An Efficient Algorithm for Communication-Based Task Mapping

The communication between tasks of a parallel application is an important characteristic to consider when mapping tasks to computing cores due to possible differences in communication performance. Within a machine, performance differences are introduced by the memory hierarchy, in which cache memories can be shared by groups of cores and intra-chip interconnections are faster than inter-chip interconnections. In cluster and grid systems, the network imposes an additional communication latency. By mapping tasks that communicate to cores nearby on the memory hierarchy, or to the same nodes in clusters or grids, the communication of parallel applications is optimized, leading to increased performance and energy efficiency. In the task mapping context, one of the most important aspects to be considered is the mapping algorithm, as it determines the improvements that can be achieved.
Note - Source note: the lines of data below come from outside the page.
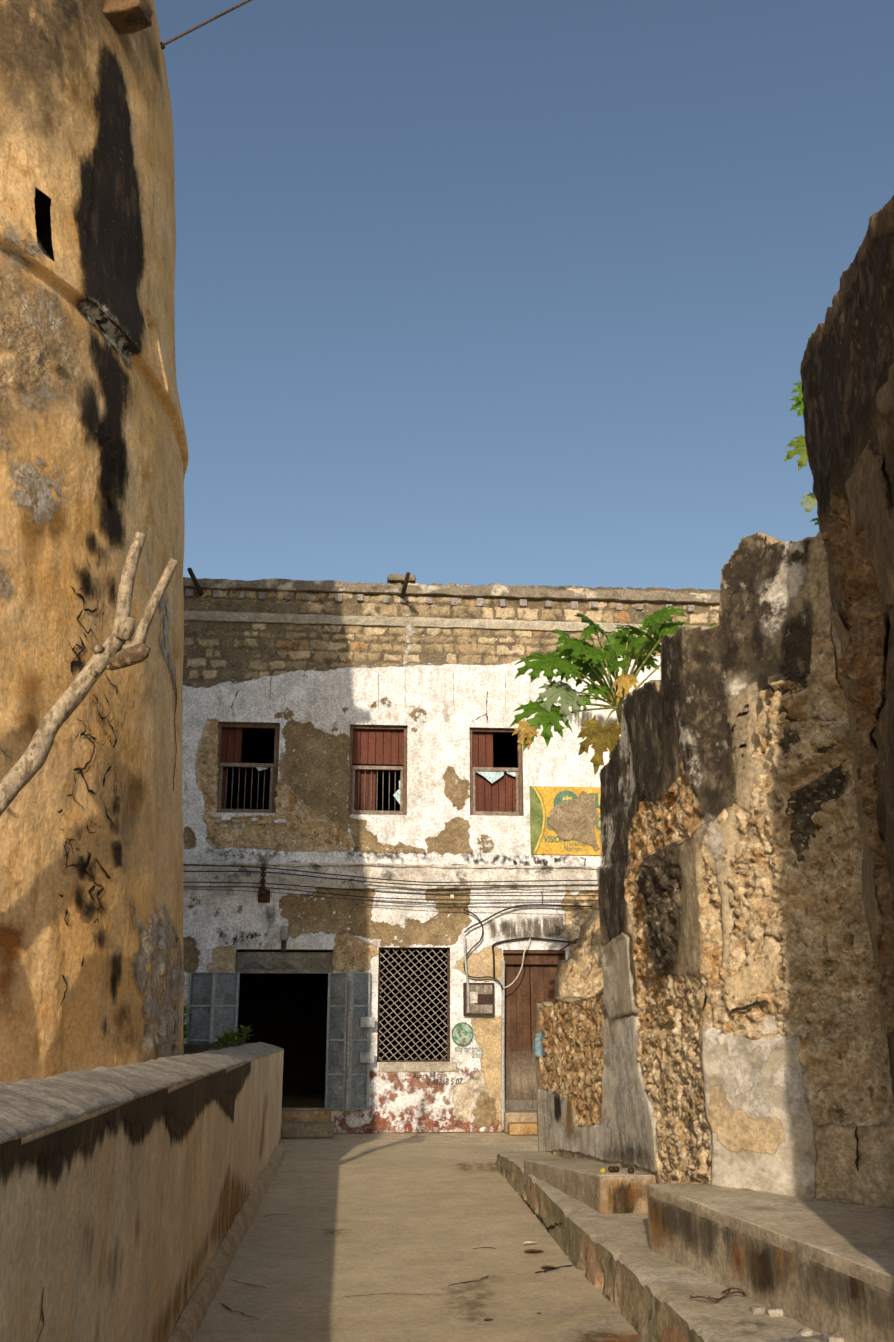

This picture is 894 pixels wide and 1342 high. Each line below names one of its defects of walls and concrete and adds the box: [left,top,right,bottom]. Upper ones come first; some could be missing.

peeling [0,224,132,525]
water stain [0,0,157,601]
crack [58,560,123,1004]
spalling [183,706,494,862]
peeling [130,900,236,1061]
peeling [279,888,472,973]
peeling [455,945,504,982]
spalling [562,890,599,949]
spalling [624,578,894,1209]
water stain [0,1062,251,1186]
peeling [333,1068,501,1134]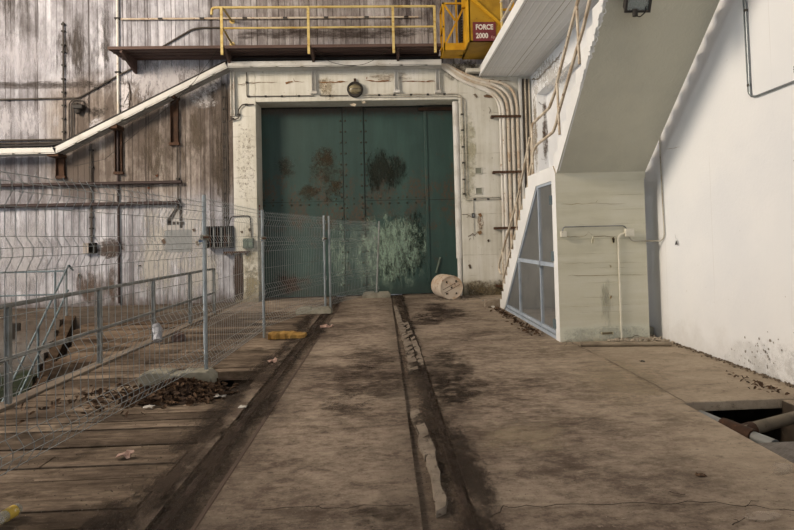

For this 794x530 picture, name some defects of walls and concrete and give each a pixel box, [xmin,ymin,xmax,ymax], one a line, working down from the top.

damp [64,25,93,72]
crack [490,504,564,518]
crack [587,491,794,525]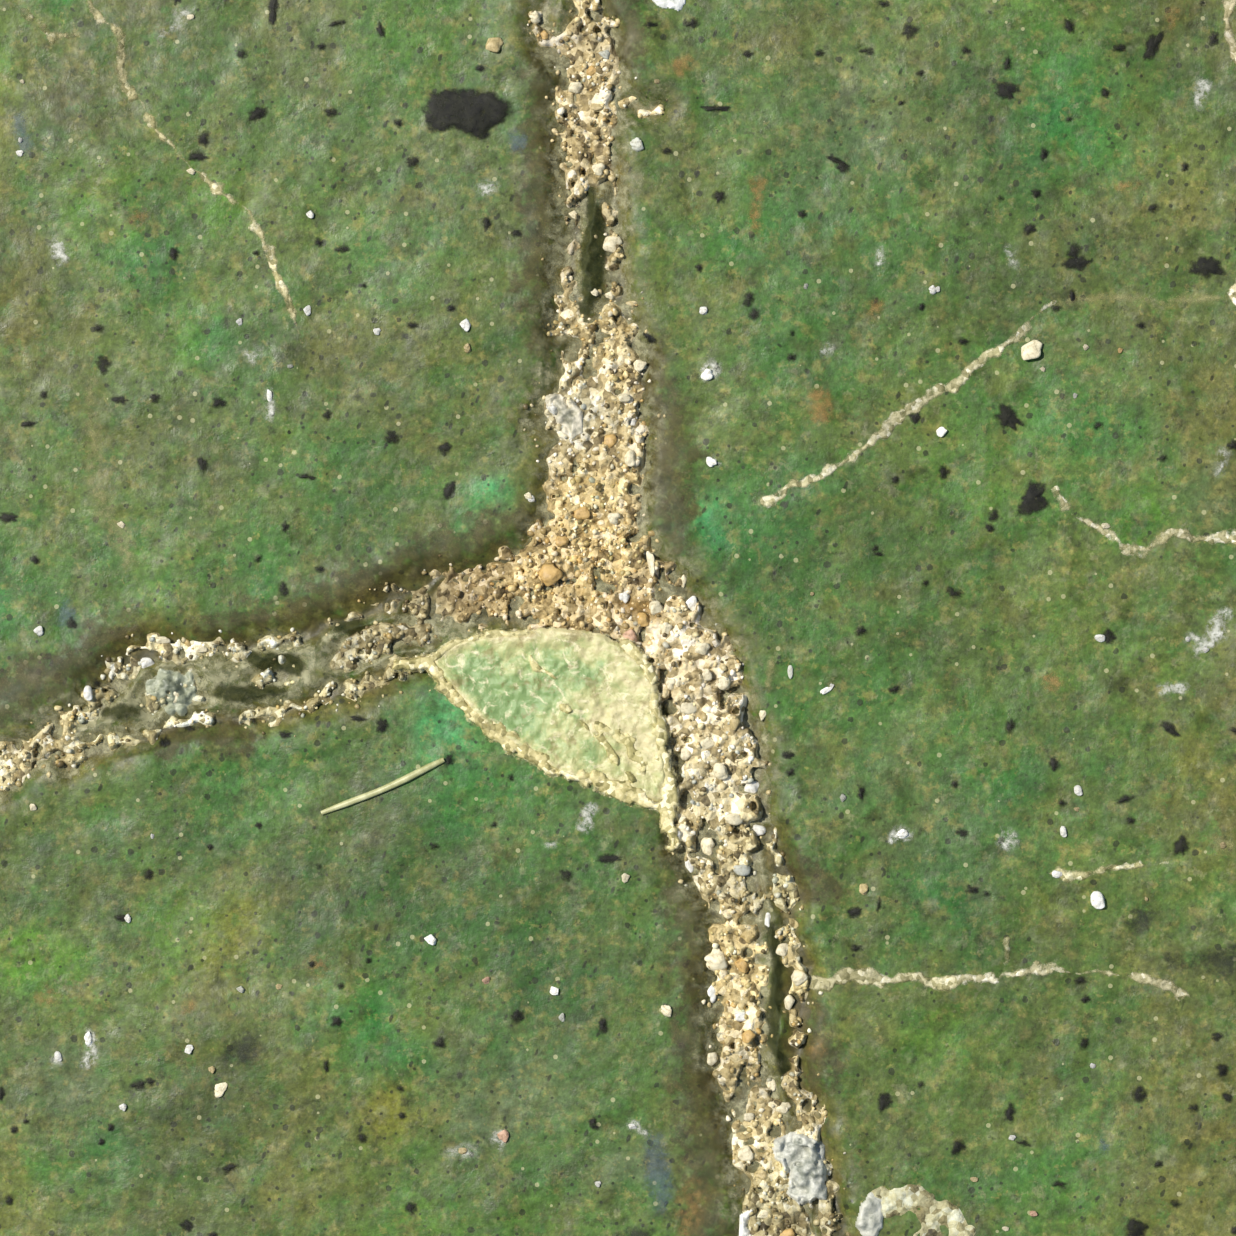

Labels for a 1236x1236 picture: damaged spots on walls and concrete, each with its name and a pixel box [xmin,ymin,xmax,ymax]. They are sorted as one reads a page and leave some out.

crack [1223,0,1236,64]
crack [26,1,175,148]
crack [199,172,296,318]
crack [1228,284,1236,305]
crack [760,300,1057,507]
crack [1054,486,1236,555]
crack [327,0,999,1236]
crack [0,632,337,792]
crack [1005,961,1065,977]
crack [1086,971,1188,998]
peeling [855,1192,884,1236]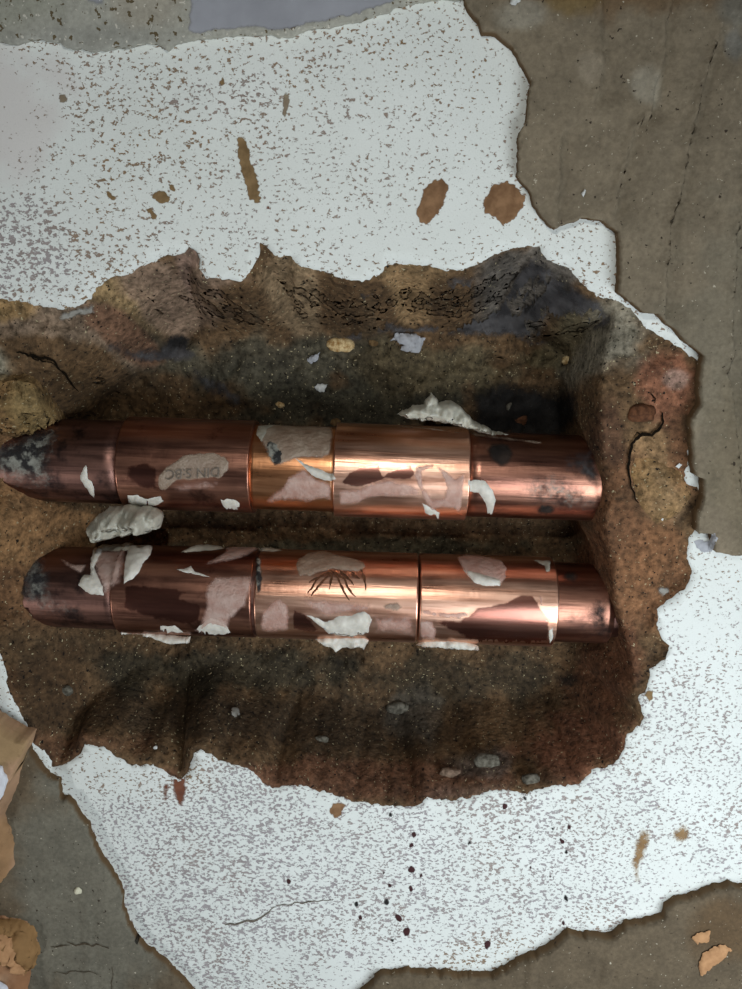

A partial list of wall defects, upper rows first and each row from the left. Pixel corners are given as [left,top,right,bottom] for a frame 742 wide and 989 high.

peeling [483,181,525,225]
crack [627,393,664,503]
spalling [0,243,718,818]
crack [0,764,23,883]
crack [225,900,330,926]
crack [0,915,113,989]
peeling [692,931,732,976]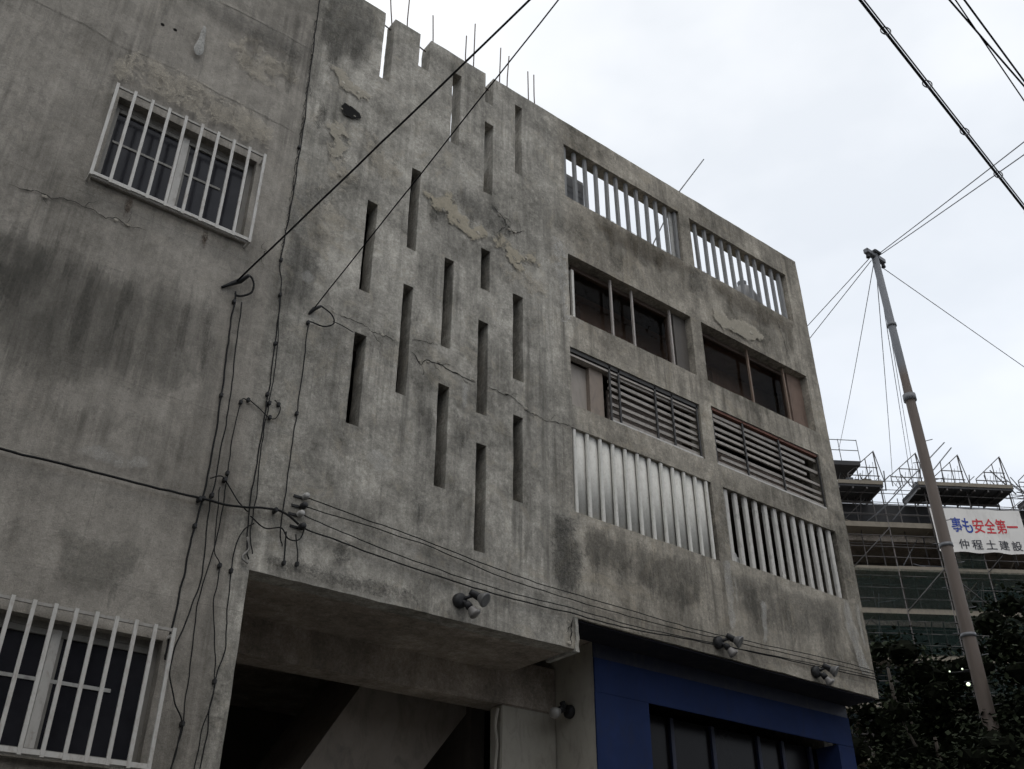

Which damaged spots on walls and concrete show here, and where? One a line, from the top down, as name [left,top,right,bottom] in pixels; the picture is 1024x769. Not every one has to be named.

spalling [325,103,363,183]
crack [10,184,142,229]
spalling [422,190,541,272]
spalling [713,309,764,341]
crack [330,306,568,426]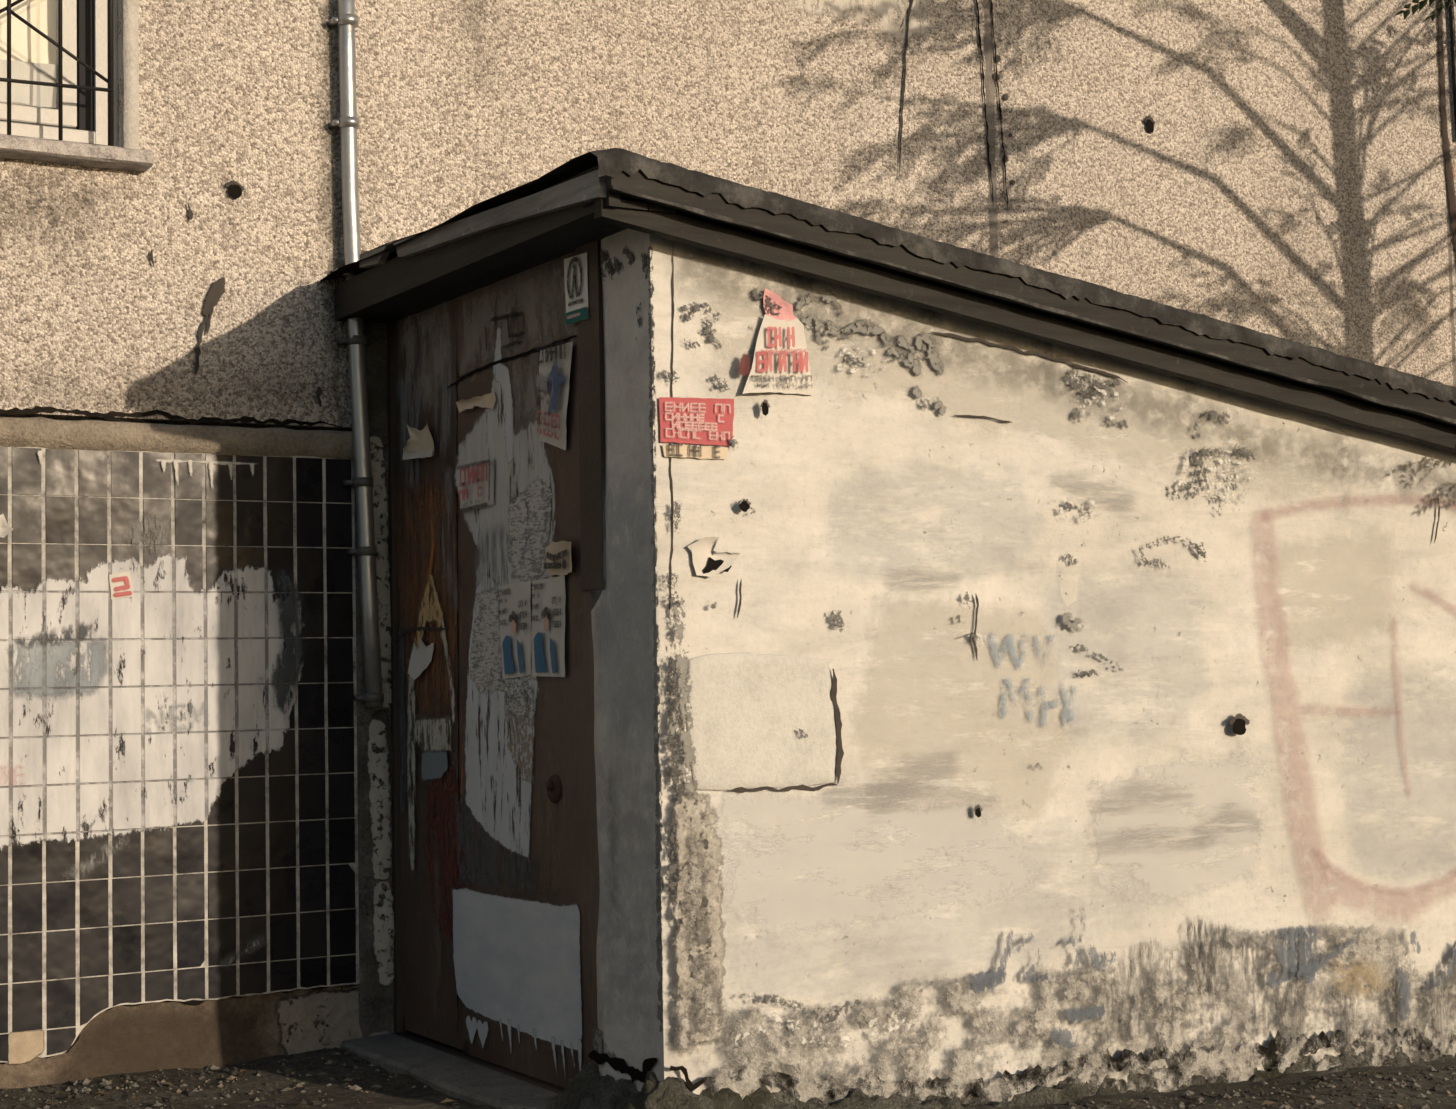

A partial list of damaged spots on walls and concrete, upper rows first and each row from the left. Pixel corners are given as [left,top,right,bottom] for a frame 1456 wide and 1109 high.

crack [898,0,913,179]
crack [975,0,1008,208]
peeling [367,436,395,986]
corrosion [397,485,459,710]
peeling [599,246,1456,1108]
spalling [274,984,389,1055]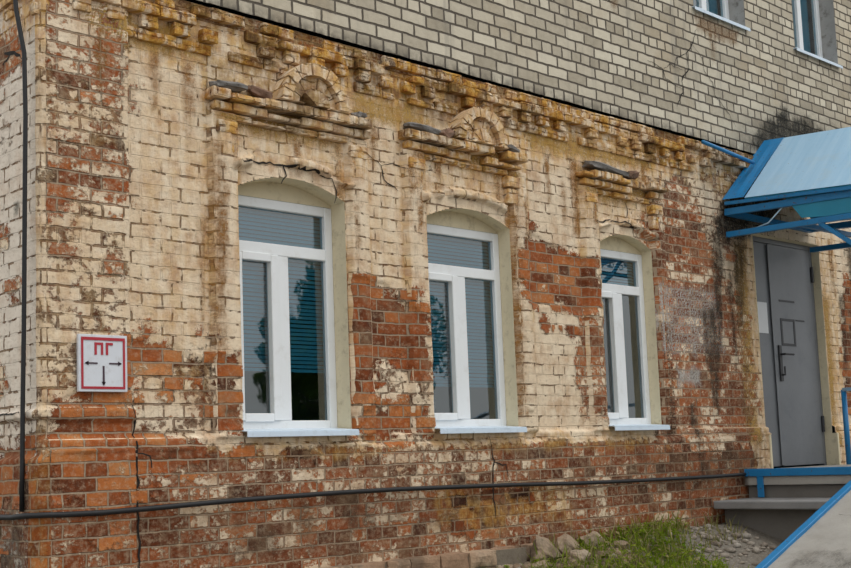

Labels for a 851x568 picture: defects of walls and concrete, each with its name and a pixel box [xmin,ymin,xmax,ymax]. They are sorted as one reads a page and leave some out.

flaking render [0,14,23,104]
flaking render [45,0,146,115]
flaking render [46,123,136,224]
crack [242,159,337,203]
flaking render [48,241,82,259]
flaking render [100,252,124,279]
flaking render [347,273,436,458]
flaking render [511,212,609,424]
flaking render [838,273,851,415]
flaking render [0,434,36,511]
flaking render [47,318,263,553]
spalling [286,446,321,466]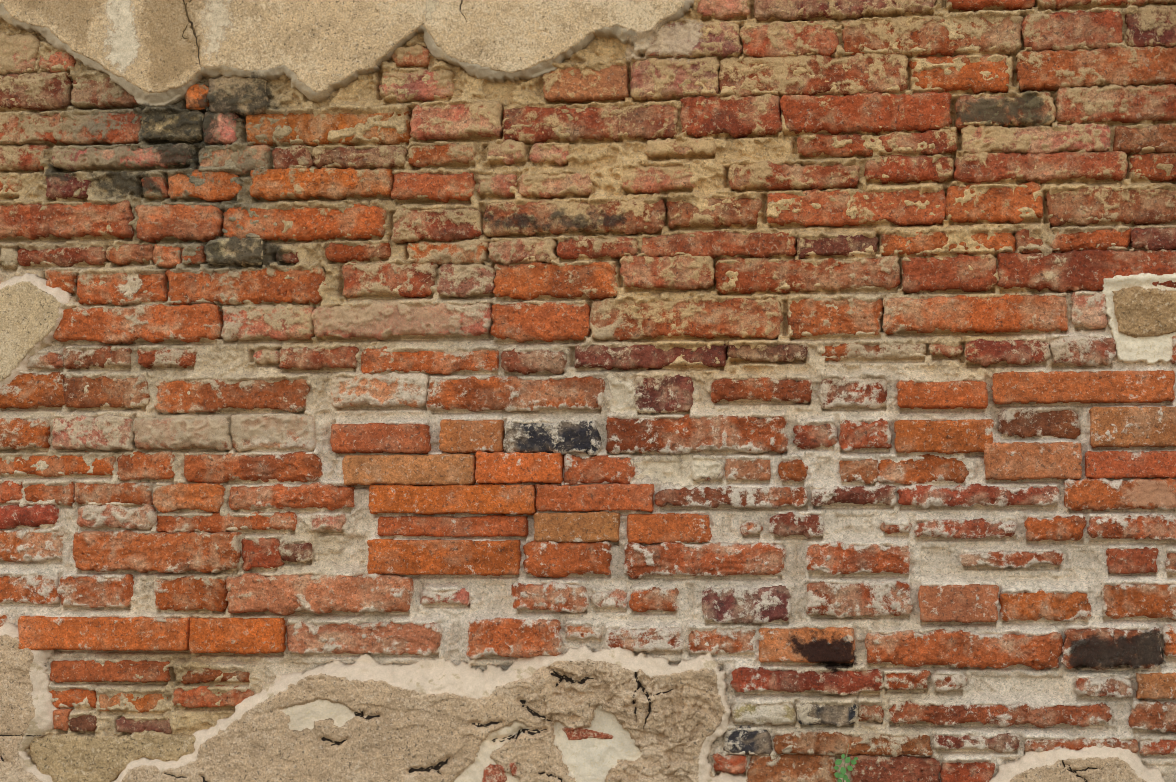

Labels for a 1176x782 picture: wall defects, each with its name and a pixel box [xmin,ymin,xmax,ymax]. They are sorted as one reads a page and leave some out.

crack [182,0,202,68]
flaking render [0,0,695,107]
flaking render [0,273,72,394]
crack [321,711,380,746]
flaking render [0,622,748,782]
crack [472,700,551,742]
crack [551,671,594,687]
crack [633,672,673,727]
crack [408,759,448,774]
flaking render [989,746,1166,782]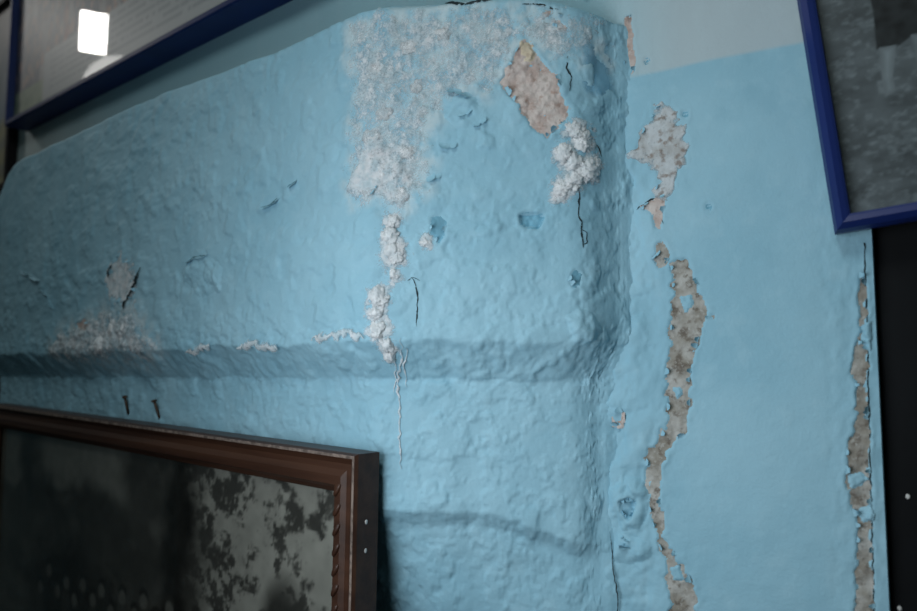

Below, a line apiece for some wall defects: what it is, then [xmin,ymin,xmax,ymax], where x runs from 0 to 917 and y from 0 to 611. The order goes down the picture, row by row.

Since the problem of finding the best mapping is NP-Hard, heuristics must be employed to find an approximate solution in feasible time. In this paper, we present Eager Map, a new algorithm to perform communication-based mapping that is based on a greedy grouping strategy applied hierarchically. Experimental evaluation indicates that the execution time of our algorithm is 10 times faster than the state-of-the-art, and presents higher performance improvements. Due to its low execution time and high stability, Eager Map is also suitable for online task mapping, where tasks are migrated during execution.